* _Data to use_
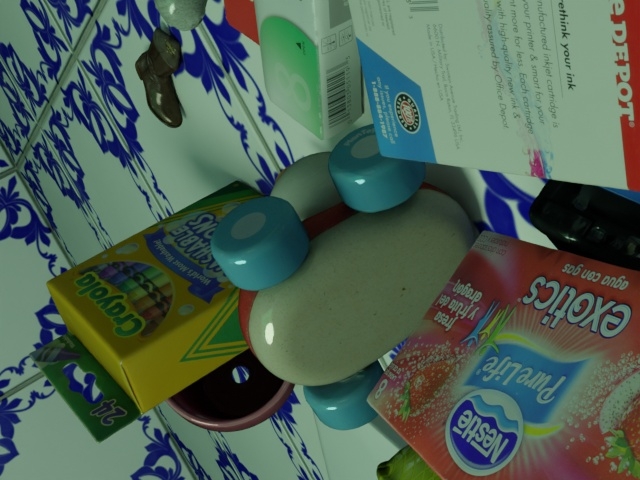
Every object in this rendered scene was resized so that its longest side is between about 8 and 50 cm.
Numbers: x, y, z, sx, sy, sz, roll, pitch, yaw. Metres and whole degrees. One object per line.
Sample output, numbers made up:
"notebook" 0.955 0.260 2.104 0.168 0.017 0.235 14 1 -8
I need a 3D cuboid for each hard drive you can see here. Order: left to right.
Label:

* _Directions_
Once you have read the records above, say how many of their lines contain the word "object", giving only that figure.

* _Exercise solution_
2